Question

Consider a rabbit population​ P(t) satisfying the logistic equation StartFraction dP Over dt EndFraction equals aP minus bP squared ​, where Upper B equals aP is the time rate at which births occur and Upper D equals bP squared is the rate at which deaths occur.
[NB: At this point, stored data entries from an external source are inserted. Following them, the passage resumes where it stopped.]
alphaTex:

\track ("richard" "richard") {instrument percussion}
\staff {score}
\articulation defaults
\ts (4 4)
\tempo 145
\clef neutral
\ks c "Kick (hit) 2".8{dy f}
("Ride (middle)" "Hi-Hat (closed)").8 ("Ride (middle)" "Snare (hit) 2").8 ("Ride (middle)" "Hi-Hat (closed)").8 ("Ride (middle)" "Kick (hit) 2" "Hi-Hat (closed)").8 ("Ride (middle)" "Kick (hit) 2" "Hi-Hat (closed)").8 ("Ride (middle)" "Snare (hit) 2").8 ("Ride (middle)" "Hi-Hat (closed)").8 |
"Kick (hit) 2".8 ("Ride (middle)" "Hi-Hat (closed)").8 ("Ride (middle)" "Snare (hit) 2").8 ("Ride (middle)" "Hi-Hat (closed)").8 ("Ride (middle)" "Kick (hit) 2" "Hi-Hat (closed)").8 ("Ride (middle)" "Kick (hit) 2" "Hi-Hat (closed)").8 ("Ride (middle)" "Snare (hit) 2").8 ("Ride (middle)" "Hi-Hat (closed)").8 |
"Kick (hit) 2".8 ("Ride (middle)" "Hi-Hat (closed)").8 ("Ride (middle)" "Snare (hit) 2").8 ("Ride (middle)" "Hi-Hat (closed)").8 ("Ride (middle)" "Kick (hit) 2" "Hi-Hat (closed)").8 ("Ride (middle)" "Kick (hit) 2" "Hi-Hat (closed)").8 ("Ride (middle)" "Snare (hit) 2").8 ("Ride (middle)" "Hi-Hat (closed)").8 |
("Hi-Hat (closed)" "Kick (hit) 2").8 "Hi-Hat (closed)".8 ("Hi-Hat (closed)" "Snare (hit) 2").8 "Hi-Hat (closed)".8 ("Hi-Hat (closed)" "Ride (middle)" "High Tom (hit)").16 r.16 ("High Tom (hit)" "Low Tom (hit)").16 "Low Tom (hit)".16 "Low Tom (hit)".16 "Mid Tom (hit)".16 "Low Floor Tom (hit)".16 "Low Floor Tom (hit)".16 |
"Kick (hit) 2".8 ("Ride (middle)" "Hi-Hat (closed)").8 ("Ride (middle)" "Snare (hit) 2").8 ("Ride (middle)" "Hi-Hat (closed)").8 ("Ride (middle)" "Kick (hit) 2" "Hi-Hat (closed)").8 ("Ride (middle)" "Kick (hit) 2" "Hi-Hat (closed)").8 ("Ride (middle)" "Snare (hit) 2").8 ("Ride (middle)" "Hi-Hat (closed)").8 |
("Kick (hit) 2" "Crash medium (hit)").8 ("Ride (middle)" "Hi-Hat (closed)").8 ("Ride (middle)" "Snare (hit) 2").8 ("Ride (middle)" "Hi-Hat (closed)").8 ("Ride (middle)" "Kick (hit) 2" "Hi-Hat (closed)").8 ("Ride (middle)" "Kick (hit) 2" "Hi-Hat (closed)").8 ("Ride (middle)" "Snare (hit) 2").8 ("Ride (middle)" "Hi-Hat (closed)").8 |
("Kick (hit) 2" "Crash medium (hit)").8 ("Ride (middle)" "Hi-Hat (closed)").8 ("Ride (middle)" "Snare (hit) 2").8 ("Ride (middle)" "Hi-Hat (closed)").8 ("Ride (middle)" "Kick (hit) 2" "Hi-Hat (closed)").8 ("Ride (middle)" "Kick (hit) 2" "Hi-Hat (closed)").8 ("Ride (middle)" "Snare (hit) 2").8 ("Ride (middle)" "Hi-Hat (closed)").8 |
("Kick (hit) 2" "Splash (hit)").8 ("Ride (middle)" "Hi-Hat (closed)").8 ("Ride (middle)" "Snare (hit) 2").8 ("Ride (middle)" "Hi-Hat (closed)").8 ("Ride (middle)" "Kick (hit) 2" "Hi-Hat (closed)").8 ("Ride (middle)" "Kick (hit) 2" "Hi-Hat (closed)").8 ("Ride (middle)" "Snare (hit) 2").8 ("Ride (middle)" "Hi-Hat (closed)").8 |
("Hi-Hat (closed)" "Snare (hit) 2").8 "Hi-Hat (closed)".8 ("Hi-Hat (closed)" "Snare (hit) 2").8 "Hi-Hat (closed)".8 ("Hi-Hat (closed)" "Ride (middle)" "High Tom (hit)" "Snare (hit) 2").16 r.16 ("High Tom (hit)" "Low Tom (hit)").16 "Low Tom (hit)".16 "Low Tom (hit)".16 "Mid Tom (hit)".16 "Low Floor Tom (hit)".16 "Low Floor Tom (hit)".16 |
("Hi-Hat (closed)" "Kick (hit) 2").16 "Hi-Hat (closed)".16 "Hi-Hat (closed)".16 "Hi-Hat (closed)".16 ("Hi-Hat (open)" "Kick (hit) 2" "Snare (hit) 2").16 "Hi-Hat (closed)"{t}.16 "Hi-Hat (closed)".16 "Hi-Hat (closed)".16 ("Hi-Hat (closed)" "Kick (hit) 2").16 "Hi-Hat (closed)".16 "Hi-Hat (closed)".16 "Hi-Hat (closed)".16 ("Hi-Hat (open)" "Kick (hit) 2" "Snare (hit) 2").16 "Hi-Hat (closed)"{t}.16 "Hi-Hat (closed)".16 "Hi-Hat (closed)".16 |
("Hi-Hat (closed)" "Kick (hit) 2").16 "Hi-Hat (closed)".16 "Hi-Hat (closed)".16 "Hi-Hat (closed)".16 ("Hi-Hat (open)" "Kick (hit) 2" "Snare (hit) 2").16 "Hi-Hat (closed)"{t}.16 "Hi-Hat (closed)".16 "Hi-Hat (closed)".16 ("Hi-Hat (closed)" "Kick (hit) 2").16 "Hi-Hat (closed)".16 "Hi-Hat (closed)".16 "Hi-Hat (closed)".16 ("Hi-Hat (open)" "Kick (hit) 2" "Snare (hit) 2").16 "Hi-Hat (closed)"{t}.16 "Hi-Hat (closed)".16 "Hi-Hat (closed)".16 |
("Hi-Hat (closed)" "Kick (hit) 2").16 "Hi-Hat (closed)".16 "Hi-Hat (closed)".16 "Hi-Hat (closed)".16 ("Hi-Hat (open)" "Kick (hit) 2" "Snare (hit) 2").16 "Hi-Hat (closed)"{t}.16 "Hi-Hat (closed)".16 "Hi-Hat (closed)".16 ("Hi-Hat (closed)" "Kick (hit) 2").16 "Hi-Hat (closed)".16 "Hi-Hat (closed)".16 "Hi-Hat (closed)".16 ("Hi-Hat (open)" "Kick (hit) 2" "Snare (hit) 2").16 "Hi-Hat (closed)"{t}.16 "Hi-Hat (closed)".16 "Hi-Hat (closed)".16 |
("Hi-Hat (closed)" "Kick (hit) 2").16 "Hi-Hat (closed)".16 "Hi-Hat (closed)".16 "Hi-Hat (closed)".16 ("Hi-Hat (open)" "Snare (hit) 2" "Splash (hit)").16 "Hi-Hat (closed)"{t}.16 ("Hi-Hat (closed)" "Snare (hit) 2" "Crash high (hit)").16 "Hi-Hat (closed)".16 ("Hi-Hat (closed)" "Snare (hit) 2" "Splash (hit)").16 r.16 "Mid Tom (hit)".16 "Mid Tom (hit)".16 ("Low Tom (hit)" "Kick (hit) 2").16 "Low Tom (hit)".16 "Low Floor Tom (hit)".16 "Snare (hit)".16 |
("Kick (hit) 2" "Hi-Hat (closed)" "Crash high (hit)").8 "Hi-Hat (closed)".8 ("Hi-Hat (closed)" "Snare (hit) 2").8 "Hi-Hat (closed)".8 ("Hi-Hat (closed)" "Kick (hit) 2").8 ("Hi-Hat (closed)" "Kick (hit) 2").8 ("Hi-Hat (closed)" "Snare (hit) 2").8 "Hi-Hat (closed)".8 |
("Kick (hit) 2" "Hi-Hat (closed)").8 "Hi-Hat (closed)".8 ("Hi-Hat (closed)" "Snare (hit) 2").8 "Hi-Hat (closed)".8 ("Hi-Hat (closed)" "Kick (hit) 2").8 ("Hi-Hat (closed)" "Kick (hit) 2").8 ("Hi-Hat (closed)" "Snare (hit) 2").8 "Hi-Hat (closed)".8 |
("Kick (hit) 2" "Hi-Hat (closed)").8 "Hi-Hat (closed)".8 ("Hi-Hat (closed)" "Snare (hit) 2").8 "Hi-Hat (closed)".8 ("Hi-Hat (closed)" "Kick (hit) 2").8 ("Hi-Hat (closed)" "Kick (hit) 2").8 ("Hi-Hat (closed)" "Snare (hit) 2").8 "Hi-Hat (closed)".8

If the initial population is 220 rabbits and there are 9 births per month and 15 deaths per month occurring at time tequals​0, how many months does it take for​ P(t) to reach 110​% of the limiting population​ M?

Answer 1

Solution:

Given :

$\frac{dP}{dt}= aP-bP^2$         .............(1)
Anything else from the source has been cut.